Manage your CEO's (unrealistic?) expectations with ESG ratings
- Chrissa Pagitsas
- Jul 19, 2023
- 3 min read

My CEO wants our company to get an A+ or 100 score with every ESG Rating Agency. Is it possible? What do I tell them?
As the saying goes, "beauty is in the eye of the beholder." Today, a company's "beauty" - or ESG rating or score - is in the eye of the specific ESG rating agency doing the scoring.
Over the last decade, I have observed the environmental, social, governance (ESG) rating systems in the market change, merge, and expand markedly.
From Sustainalytics, MSCI to Refinitiv, there are many companies providing an ESG score or rating. They use information voluntarily shared by companies or scraped from company websites and other publicly available sources. Despite multiple years in the market, the agencies remain independent of each other with limited overlap and consistency in their rating rubrics. Why is this? Each one is a proprietary system representing a revenue source from investors and asset managers.
Therefore, it's not possible to get an A+ or 100 score with every one. No company can fulfill every ESG rating agency's criteria or KPIs because either 1) the criteria or KPIs are not relevant to their business and/or 2) it would be enormously cost prohibitive to attempt to do so.
However, ESG ratings do matter.
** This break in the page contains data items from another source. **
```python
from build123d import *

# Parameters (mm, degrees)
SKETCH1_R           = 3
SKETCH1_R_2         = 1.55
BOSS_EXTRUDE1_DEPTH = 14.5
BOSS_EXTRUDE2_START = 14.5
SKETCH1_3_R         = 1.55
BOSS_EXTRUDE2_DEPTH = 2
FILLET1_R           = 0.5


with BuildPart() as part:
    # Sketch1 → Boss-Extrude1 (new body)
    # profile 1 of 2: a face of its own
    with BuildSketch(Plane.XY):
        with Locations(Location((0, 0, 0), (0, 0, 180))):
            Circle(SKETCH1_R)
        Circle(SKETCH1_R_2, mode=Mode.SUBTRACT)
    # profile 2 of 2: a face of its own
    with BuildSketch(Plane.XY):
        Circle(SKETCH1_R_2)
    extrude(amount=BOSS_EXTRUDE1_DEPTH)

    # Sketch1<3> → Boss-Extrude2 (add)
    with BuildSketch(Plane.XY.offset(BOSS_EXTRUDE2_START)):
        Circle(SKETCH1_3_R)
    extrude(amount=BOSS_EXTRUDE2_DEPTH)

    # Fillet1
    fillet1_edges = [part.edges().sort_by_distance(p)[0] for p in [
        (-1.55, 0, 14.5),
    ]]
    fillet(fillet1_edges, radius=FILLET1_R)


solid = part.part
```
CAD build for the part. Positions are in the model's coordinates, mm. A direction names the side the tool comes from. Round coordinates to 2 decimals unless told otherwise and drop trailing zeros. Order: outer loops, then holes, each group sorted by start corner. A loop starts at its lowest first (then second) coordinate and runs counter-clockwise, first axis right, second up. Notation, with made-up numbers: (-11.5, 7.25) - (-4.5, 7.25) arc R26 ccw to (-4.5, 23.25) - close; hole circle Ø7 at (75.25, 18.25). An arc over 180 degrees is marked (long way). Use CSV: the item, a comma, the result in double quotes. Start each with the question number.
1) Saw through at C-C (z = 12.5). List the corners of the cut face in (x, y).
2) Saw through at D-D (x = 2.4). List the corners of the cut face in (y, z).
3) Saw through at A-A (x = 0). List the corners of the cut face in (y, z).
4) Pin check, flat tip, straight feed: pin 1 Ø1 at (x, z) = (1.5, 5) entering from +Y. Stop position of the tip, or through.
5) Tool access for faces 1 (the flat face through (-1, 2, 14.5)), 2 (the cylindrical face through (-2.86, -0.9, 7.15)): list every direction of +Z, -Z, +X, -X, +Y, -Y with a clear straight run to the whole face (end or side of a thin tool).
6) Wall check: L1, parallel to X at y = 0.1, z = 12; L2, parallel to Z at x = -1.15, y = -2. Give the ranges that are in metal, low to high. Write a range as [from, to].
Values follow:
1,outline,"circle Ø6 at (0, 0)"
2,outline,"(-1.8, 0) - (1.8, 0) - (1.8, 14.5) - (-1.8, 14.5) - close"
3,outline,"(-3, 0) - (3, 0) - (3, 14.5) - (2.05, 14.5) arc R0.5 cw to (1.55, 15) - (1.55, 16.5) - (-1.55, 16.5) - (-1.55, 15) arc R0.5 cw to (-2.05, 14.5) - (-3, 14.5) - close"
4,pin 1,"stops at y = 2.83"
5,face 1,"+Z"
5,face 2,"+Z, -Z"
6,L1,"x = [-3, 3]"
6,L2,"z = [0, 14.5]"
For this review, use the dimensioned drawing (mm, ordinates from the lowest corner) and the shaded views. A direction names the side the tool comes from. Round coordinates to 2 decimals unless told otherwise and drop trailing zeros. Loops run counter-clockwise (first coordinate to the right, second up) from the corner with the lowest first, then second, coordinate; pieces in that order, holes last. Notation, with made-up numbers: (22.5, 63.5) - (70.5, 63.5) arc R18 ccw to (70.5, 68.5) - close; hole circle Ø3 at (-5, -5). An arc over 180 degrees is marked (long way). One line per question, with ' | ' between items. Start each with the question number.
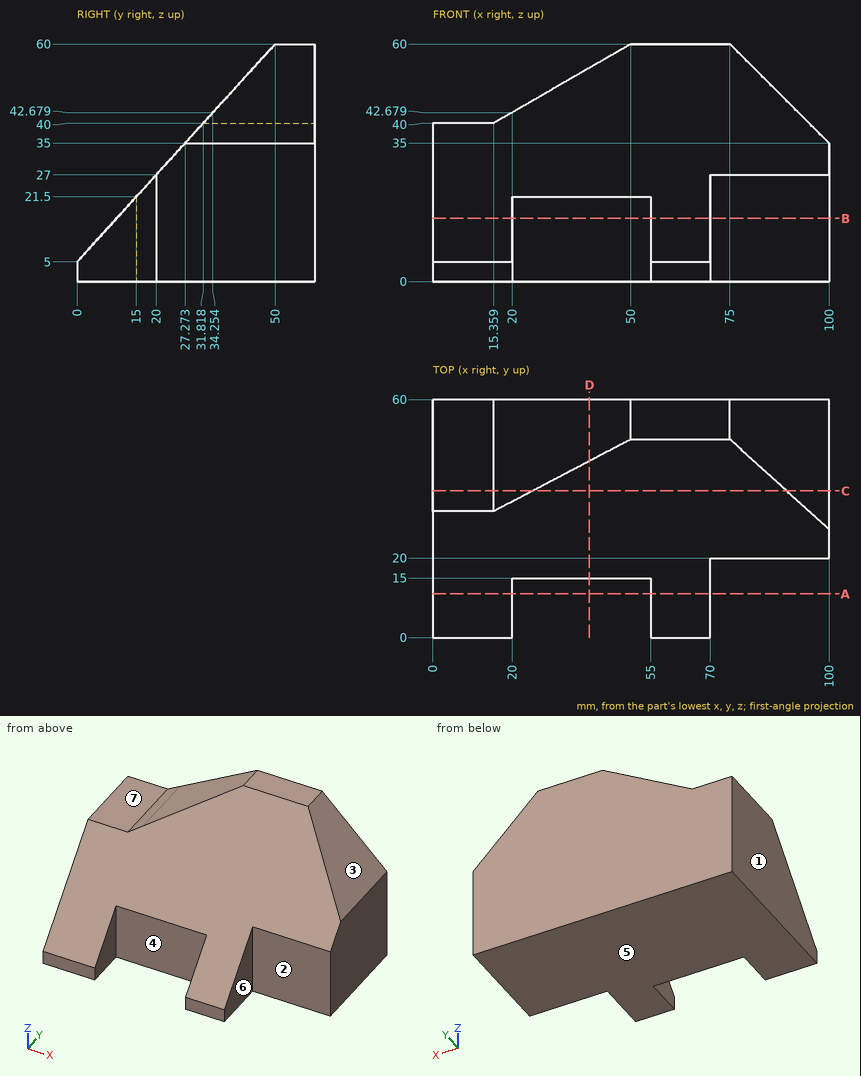
1. Take a section at C-C, the plane y = 37. Give the boundary of the cut face in (x, z), then the cut area to 3 significant figures.
2. To check wall thickness, follow line 1 along Y through (x, z) = (85, 14); line 2 along Y through (x, z) = (33, 6); line 3 along Z through (x, y) = (79, 32). State the ranges of each line that lie inside material, in increasing order.
3. Take a section at A-A, the plane y = 11. Give the boundary of the cut face in (x, z).
4. The part is to be moulded in two halves that separate along X. For the marked faces 1, 2, 3 and 4, say which applies: pulls with the +X half, pulls with the -X half, needs draft (parallel to the pull), parting line crosses it, or undercut.
5. Machinability: for the marked faces 5, 6 and 7, which of the approach directions +Z, -Z, +X, -X, +Y, -Y give a long, thin tool a straight path to every point of the face, cutting with its end or side? Answer none if there is none.
6. Take a section at D-D, the plane x = 39.5. Give the boundary of the cut face in (y, z), then the cut area to 3 significant figures.
7. Take a section at B-B, the plane z = 16. Give the boundary of the cut face in (x, y).
8. Clearance check with flat-ended pins moving along their axes: P1, Ø10, axis at y = 9.5, z = 12, coming from the +X side; P2, Ø8, axis at x = 89, z = 43, coming from the -Y side; P3, Ø4, axis at x = 66, y = 18.5, coming from the +Z side. State where each tip first meets the part, or that it passes through.
Answer list:
1) outline: (0, 0) - (100, 0) - (100, 35) - (89.3, 45.7) - (25.23, 45.7) - (15.36, 40) - (0, 40) - close | area: 4,400 mm²
2) line 1: y = 20 to 60 | line 2: y = 15 to 60 | line 3: z = 0 to 40.2
3) outline: (0, 0) - (20, 0) - (20, 17.1) - (0, 17.1) - close; (55, 0) - (70, 0) - (70, 17.1) - (55, 17.1) - close
4) face 1: pulls with the -X half | face 2: needs draft | face 3: pulls with the +X half | face 4: undercut
5) face 5: -Z, +X, -X, +Y, -Y | face 6: +Z, -Z, +X, -Y | face 7: +Z, -X, +Y, -Y
6) outline: (15, 0) - (60, 0) - (60, 53.94) - (44.49, 53.94) - (15, 21.5) - close | area: 1,950 mm²
7) outline: (0, 10) - (20, 10) - (20, 15) - (55, 15) - (55, 10) - (70, 10) - (70, 20) - (100, 20) - (100, 60) - (0, 60) - close
8) P1: stops at x = 70 | P2: stops at y = 30.91 | P3: stops at z = 27.55

When used selectively but consistently, they do show how a company is performing over time for use by internal company stakeholders as well as external. Following an annual data collection strategy can also improve the rigor of internal reporting process while revealing gaps in data and processes.
Therefore, it's not time to throw the ESG rating baby out with the bath water. Instead, it's time to prioritize where you will spend resources aligning your business and sustainability strategy and investing in accurate and regular KPI tracking and reporting.
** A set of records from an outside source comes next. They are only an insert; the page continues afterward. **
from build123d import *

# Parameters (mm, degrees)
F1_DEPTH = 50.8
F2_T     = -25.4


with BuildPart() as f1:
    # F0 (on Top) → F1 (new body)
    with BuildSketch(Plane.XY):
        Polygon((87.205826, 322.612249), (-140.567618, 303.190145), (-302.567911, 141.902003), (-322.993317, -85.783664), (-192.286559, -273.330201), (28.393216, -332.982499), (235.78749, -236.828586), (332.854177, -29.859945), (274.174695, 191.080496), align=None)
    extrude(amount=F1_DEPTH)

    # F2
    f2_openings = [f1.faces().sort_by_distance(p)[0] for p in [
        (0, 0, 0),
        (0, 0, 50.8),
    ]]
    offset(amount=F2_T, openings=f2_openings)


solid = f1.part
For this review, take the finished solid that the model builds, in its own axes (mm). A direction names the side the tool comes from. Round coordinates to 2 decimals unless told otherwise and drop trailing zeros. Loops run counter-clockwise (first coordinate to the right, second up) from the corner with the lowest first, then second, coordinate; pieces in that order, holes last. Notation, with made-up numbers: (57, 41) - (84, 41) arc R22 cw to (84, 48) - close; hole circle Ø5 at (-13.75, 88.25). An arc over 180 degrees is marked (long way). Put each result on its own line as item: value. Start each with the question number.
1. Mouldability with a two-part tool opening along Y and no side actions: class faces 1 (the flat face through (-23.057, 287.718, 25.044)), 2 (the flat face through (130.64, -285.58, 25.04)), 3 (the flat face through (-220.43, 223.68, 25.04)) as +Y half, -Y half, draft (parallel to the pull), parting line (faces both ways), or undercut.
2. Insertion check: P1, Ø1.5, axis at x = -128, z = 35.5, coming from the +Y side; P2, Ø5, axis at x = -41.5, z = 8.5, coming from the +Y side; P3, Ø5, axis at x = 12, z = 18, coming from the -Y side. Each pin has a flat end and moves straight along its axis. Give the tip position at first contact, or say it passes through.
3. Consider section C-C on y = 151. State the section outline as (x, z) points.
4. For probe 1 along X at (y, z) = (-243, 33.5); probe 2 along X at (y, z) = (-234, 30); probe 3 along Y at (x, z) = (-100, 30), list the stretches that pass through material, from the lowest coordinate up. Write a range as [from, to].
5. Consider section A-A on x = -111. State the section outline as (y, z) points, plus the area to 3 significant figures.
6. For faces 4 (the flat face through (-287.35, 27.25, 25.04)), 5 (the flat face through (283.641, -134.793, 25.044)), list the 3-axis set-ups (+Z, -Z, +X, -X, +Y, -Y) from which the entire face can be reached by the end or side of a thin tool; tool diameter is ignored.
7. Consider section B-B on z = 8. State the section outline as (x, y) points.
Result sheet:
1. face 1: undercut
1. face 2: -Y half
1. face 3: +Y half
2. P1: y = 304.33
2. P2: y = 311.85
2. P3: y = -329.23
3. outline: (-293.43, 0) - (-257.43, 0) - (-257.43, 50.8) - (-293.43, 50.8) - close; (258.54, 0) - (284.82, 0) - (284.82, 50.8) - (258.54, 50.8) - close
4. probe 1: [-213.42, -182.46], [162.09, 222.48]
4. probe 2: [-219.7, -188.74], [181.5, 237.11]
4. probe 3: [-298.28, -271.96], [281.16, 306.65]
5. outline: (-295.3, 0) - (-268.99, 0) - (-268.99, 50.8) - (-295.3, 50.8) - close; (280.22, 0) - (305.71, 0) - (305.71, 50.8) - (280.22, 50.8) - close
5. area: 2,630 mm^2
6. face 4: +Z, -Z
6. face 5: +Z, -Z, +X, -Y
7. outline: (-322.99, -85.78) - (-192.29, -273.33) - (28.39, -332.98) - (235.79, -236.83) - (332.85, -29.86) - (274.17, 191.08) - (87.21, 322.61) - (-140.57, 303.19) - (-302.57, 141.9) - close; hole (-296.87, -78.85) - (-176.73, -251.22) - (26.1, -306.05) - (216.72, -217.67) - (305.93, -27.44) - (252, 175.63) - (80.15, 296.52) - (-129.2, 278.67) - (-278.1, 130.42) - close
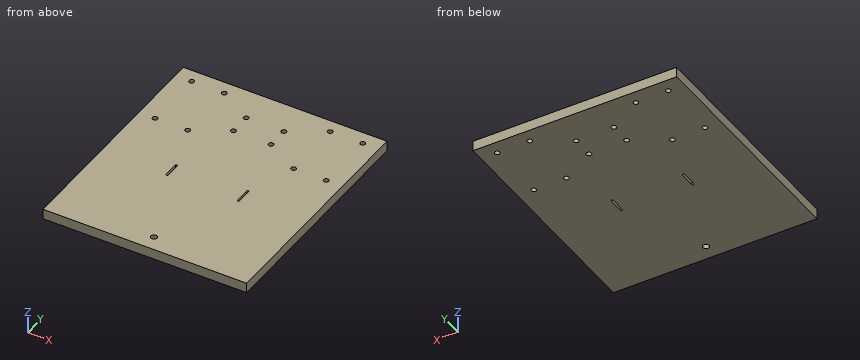
```python
from build123d import *

# Parameters (mm, degrees)
SKETCH_W   = 200
SKETCH_H   = 230
SKETCH_R   = 3
SKETCH_R_2 = 2.5
PAD_DEPTH  = 10


with BuildPart() as part:
    # Sketch → Pad (new body)
    with BuildSketch(Plane.XY):
        with Locations((0, 115)):
            Rectangle(SKETCH_W, SKETCH_H)
        with Locations((0, 15)):
            Circle(SKETCH_R, mode=Mode.SUBTRACT)
        with Locations((84, 217)):
            Circle(SKETCH_R_2, mode=Mode.SUBTRACT)
        with Locations((84, 157)):
            Circle(SKETCH_R_2, mode=Mode.SUBTRACT)
        with Locations((52, 157)):
            Circle(SKETCH_R_2, mode=Mode.SUBTRACT)
        with Locations((52, 217)):
            Circle(SKETCH_R_2, mode=Mode.SUBTRACT)
        with Locations((-84, 217)):
            Circle(SKETCH_R_2, mode=Mode.SUBTRACT)
        with Locations((-52, 217)):
            Circle(SKETCH_R_2, mode=Mode.SUBTRACT)
        with Locations((-84, 157)):
            Circle(SKETCH_R_2, mode=Mode.SUBTRACT)
        with Locations((-52, 157)):
            Circle(SKETCH_R_2, mode=Mode.SUBTRACT)
        with Locations((-18.5, 197)):
            Circle(SKETCH_R_2, mode=Mode.SUBTRACT)
        with Locations((18.5, 197)):
            Circle(SKETCH_R_2, mode=Mode.SUBTRACT)
        with Locations((-18.5, 176)):
            Circle(SKETCH_R_2, mode=Mode.SUBTRACT)
        with Locations((18.5, 176)):
            Circle(SKETCH_R_2, mode=Mode.SUBTRACT)
        with BuildLine():
            ThreePointArc((36, 110), (35, 111), (34, 110))
            Line((34, 110), (34, 95))
            ThreePointArc((34, 95), (35, 94), (36, 95))
            Line((36, 110), (36, 95))
        make_face(mode=Mode.SUBTRACT)
        with BuildLine():
            ThreePointArc((-34, 109.999637), (-35, 110.999637), (-36, 109.999637))
            Line((-36, 109.999637), (-36, 95))
            ThreePointArc((-36, 95), (-35, 94), (-34, 95))
            Line((-34, 109.999637), (-34, 95))
        make_face(mode=Mode.SUBTRACT)
    extrude(amount=PAD_DEPTH)


solid = part.part
```
Could you check a few things on this model? Use its own coordinates, in mm. Round coordinates to 2 decimals unless told otherwise and drop trailing zeros. Loops run counter-clockwise (first coordinate to the right, second up) from the corner with the lowest first, then second, coordinate; pieces in that order, holes last.
Q1. I want a section at C-C (y = 103). Write out the boundary of the cut face in (x, z), and give its area (3 significant figures).
Q2. I want a section at D-D (x = 0). Write out the boundary of the cut face in (y, z), and give its area (3 significant figures).
Q3. For P1, Ø3, axis at x = 84, y = 157, coming from the -Z side, with a flat end and sliding along its axis, tell me the tip position at first contact or that it passes through.
Q4. I want a section at B-B (y = 15). Write out the boundary of the cut face in (x, z), and give its area (3 significant figures).
Q5. I want a section at A-A (x = -52). Write out the boundary of the cut face in (y, z), and give its area (3 significant figures).
Q6. Please list where these lines run through material, in increasing order: L1, parallel to X at y = 101, z = 8.5; L2, parallel to X at y = 176, z = 4; L3, parallel to Y at x = 18.5, z = 4.
Answer below:
1. outline: (-100, 0) - (-36, 0) - (-36, 10) - (-100, 10) - close; (-34, 0) - (34, 0) - (34, 10) - (-34, 10) - close; (36, 0) - (100, 0) - (100, 10) - (36, 10) - close
1. area: 1,960 mm2
2. outline: (0, 0) - (12, 0) - (12, 10) - (0, 10) - close; (18, 0) - (230, 0) - (230, 10) - (18, 10) - close
2. area: 2,240 mm2
3. P1: passes through
4. outline: (-100, 0) - (-3, 0) - (-3, 10) - (-100, 10) - close; (3, 0) - (100, 0) - (100, 10) - (3, 10) - close
4. area: 1,940 mm2
5. outline: (0, 0) - (154.5, 0) - (154.5, 10) - (0, 10) - close; (159.5, 0) - (214.5, 0) - (214.5, 10) - (159.5, 10) - close; (219.5, 0) - (230, 0) - (230, 10) - (219.5, 10) - close
5. area: 2,200 mm2
6. L1: x = -100 to -36, -34 to 34, 36 to 100
6. L2: x = -100 to -21, -16 to 16, 21 to 100
6. L3: y = 0 to 173.5, 178.5 to 194.5, 199.5 to 230

So, what do you tell your CEO?
With thoughtful analysis to back it up, a strong response is: "We are prioritizing increasing our ESG rating with the select agencies whose criteria and KPIs most closely align with our business strategy and ESG material issues and with the preferences of our key stakeholders including investors. Based on my analysis, the two ESG Rating Agencies are..."
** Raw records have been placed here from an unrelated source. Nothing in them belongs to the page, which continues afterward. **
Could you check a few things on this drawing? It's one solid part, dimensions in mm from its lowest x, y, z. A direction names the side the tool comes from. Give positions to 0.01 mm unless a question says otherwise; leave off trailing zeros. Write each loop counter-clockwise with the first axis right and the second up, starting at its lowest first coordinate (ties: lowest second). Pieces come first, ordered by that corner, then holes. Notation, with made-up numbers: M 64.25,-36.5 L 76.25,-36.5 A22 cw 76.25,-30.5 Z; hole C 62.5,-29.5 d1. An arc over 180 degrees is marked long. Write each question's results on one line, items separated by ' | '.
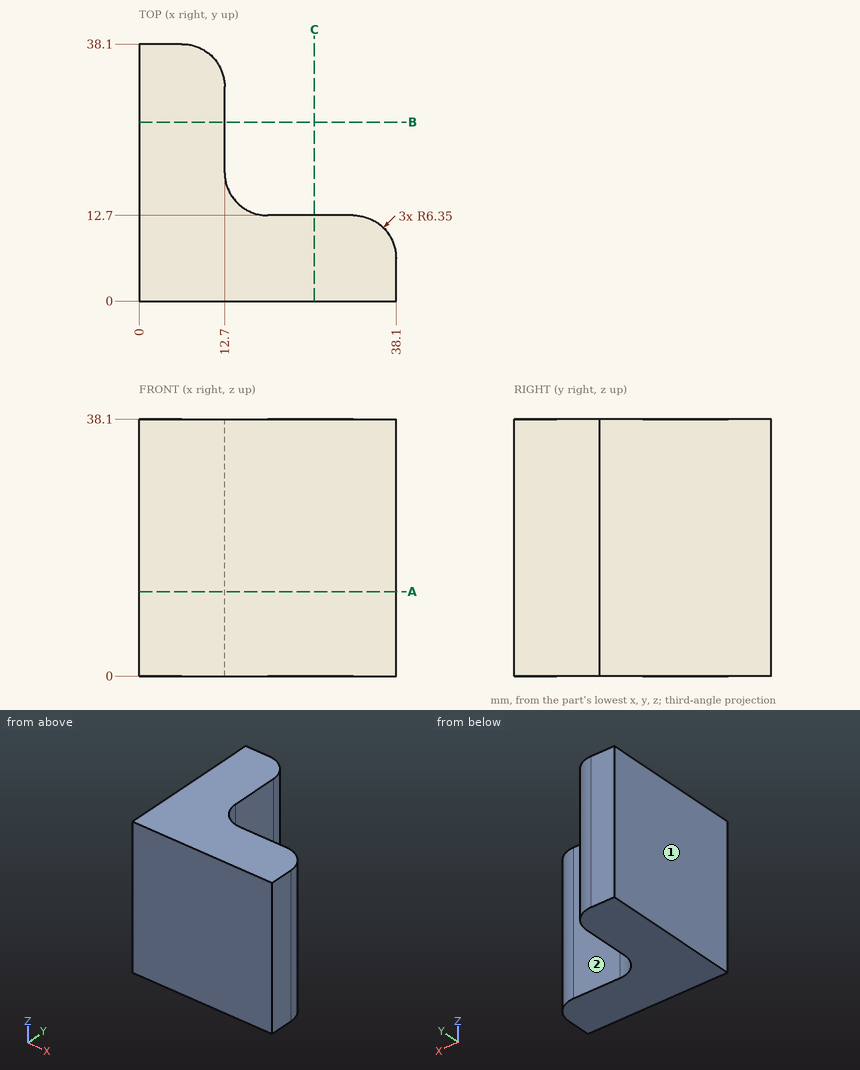
Item 1: I want a section at A-A, the plane z = 12.5. Please give me the cut outline in (x, y).
Geometry says:
outline: M 0,0 L 38.1,0 L 38.1,6.35 A6.35 ccw 31.75,12.7 L 19.05,12.7 A6.35 cw 12.7,19.05 L 12.7,31.75 A6.35 ccw 6.35,38.1 L 0,38.1 Z
Item 2: I'm going to push flat-ended pins straight in: pin 1 (6 mm diameter, centred on y = 26, z = 15, fed in from +X); pin 2 (6.5 mm diameter, centred on x = 28, z = 17.5, fed in from +Y). Where does each tip first touch, or does it pass through?
Geometry says:
pin 1: stops at x = 12.7 | pin 2: stops at y = 12.7
Item 3: For the marked faces 1 and 2, which set-ups out of +Z, -Z, +X, -X, +Y, -Y let a thin tool reach every point of the face, with its end or its side?
Geometry says:
face 1: +Z, -Z, -X, +Y, -Y | face 2: +Z, -Z, +X, +Y
Item 4: If I drill on line 1 (Y direction, x = 6.5, z = 25); line 2 (Y direction, x = 29, z = 17.5), over which ranges is the centre line in solid material (lowest first)? Write a range as from..to.
Geometry says:
line 1: y = 0..38.1 | line 2: y = 0..12.7
Item 5: I want a section at B-B, the plane y = 26.5. Please give me the cut outline in (x, z), and give its area (3 significant figures).
Geometry says:
outline: M 0,0 L 12.7,0 L 12.7,38.1 L 0,38.1 Z | area: 484 mm2

How do you develop this actionable insight?
1. Understand the ESG Rating Agency landscape: Review existing reports that summarize the strengths, areas of difference, and scoring methodologies of the ESG Rating Agencies. Solid place to start include ERM's 2023 Rater's Report and ESG Ratings: A Compass without Direction, August 24, Harvard Law School Forum on Corporate Governance, August 24, 2022).
2. Bring in stakeholder feedback: Survey investors and key external stakeholders for the top three rating agencies that matter to them. They will mostly likely give you different answers which is to be expected. Narrow down to the three to five that rise consistently to the top.
3. Analyze best alignment for your company: Select the top three material issues for your company. Next, choose one criteria or KPI each of the top three to five rating agencies that most closely aligns to the three material issues. Finally, analyze and compare how these criteria best align with your company's business strategy, your material issues, the costs to increase your score for that criteria to the top level, the timeline to implement, and last but not least, the benefit to your stakeholders.
4. Present recommendation and move forward: Share with your CEO the recommended two to three rating agencies (max!) that you recommend your organization prioritizes providing information to and posting information publicly on your website. Summarize your model and landscape analysis as back-up to your recommendation. Move forward with a robust process to track and report out to these selected rating agencies.